Question: 49. Match List I with List II.
| List I (Compound) | List II (Shape/geometry) |
|---|---|
| (A) \mathrm{NH}_{3} | (I) Trigonal Pyramidal |
| (B) \mathrm{BrF}_{5} | (II) Square Planar |
| (C) \mathrm{XeF}_{4} | (III) Octahedral |
| (D) \mathrm{SF}_{6} | (IV) Square Pyramidal |
TEST PAPER WITH ANSWER
Choose the correct answer from the options given below:
(1) A-I, B-IV, C-II, D-III
(2) A-II, B-IV, C-III, D-I
(3) A-III, B-IV, C-I, D-II
(4) A-II, B-III, C-IV, D-I
Answer: Option (1)
Explanation:
The shape of a molecule is determined using VSEPR theory based on the number of bond pairs and lone pairs around the central atom.

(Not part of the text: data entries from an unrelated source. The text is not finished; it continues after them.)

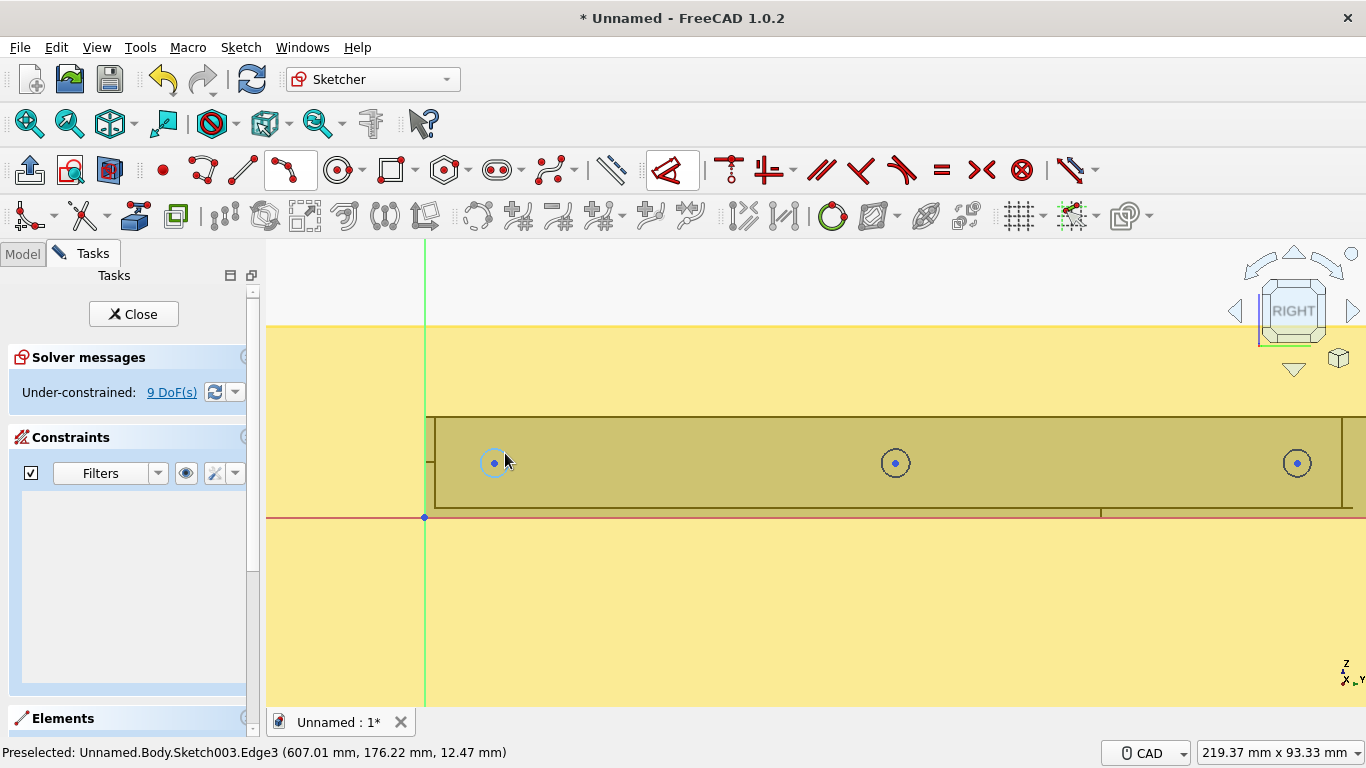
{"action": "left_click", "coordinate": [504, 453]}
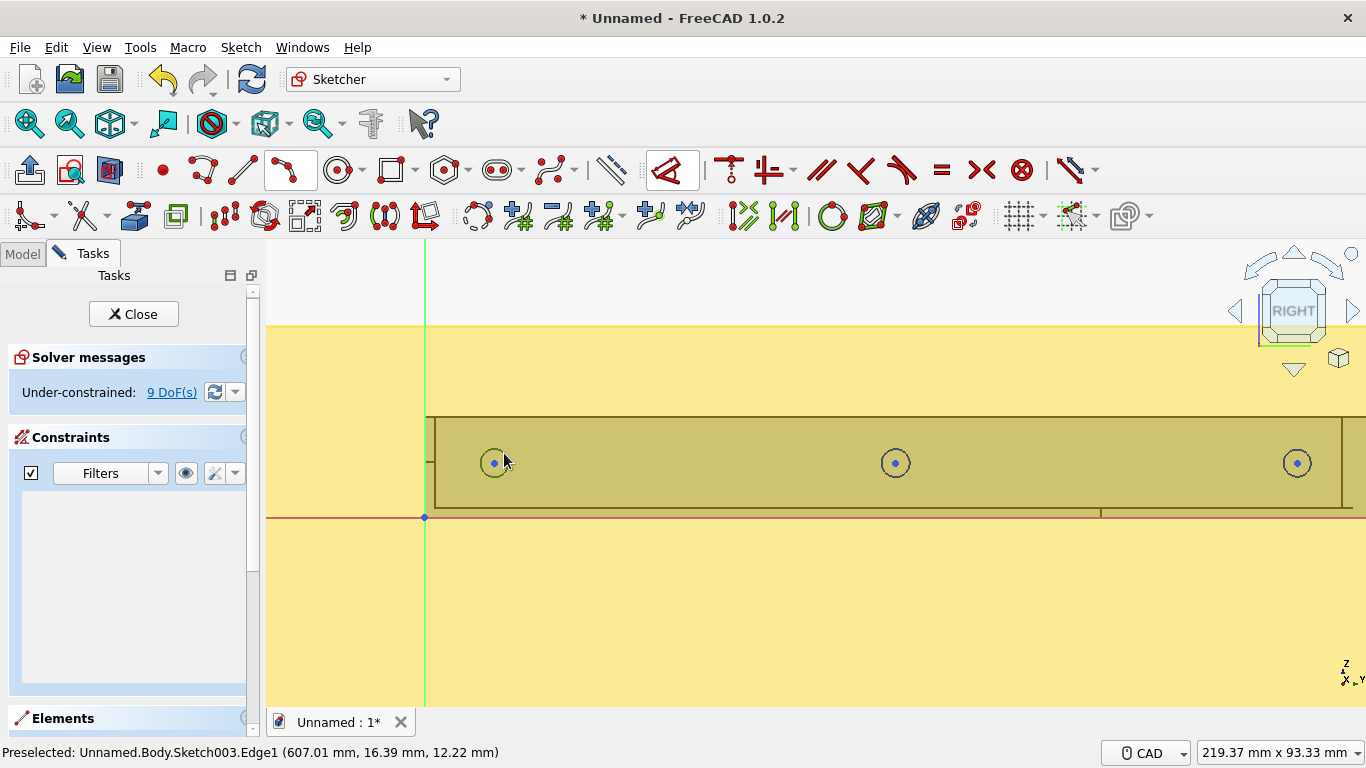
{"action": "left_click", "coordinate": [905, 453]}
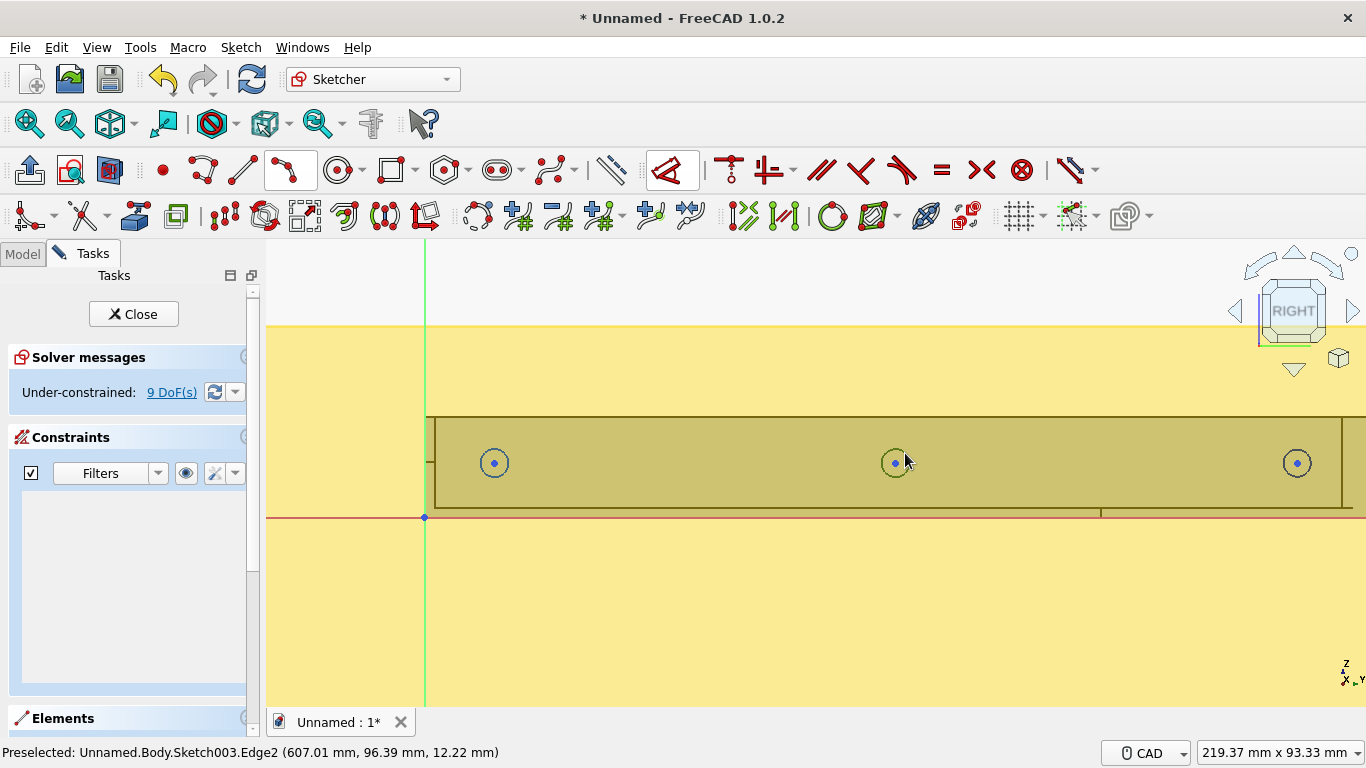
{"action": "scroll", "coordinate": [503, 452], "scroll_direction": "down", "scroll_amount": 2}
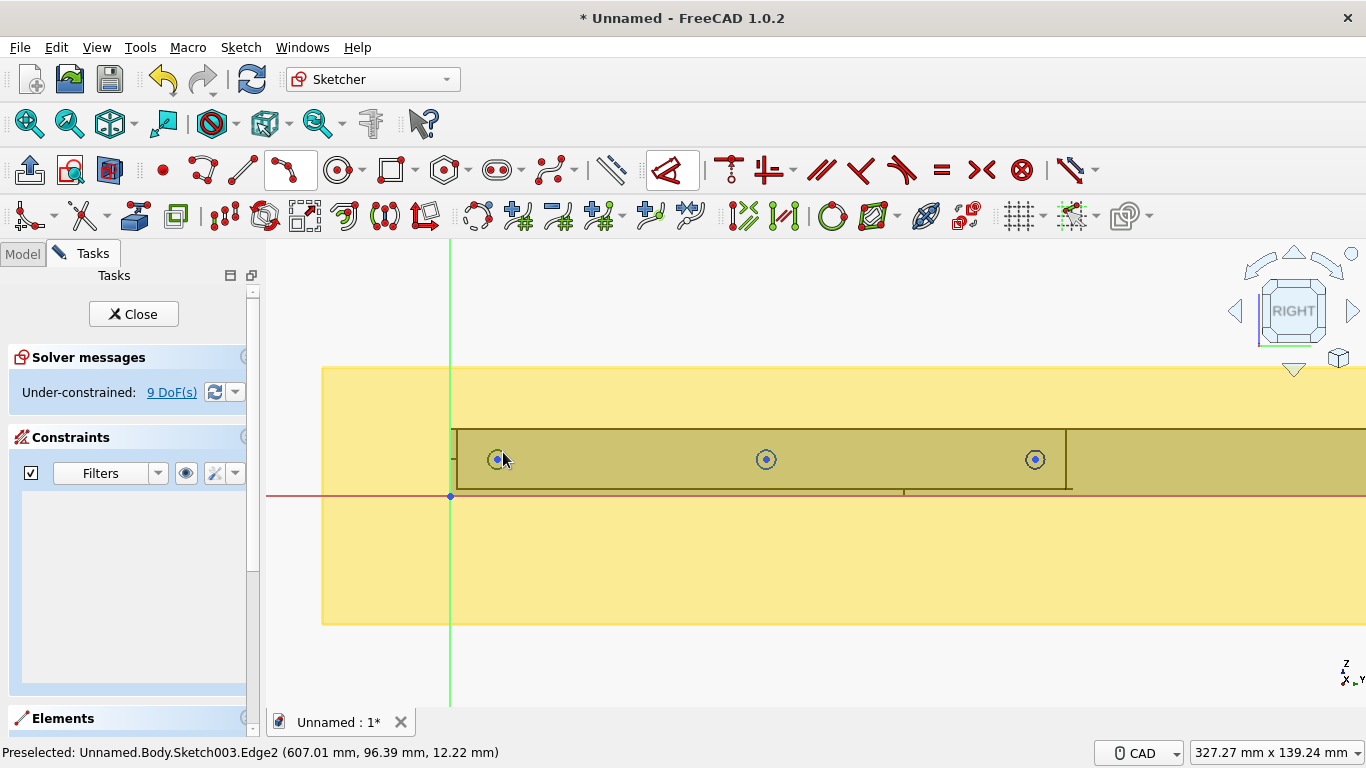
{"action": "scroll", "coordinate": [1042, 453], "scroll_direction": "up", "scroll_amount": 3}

\mathrm{NH}_{3} has 3 bond pairs and 1 lone pair on nitrogen,
giving a trigonal pyramidal shape, so A matches with I.
\mathrm{BrF}_{5} has 5 bond pairs and 1 lone pair on bromine,
resulting in a square pyramidal geometry, so B matches with IV.
\mathrm{XeF}_{4} has 4 bond pairs and 2 lone pairs on xenon arranged opposite to each other, giving a square planar shape,
so C matches with II.
\mathrm{SF}_{6} has 6 bond pairs and no lone pairs on sulfur,
leading to an octahedral geometry, so D matches with III.
Thus, the correct matching is A-I, B-IV, C-II, D-III,
which corresponds to Option (1).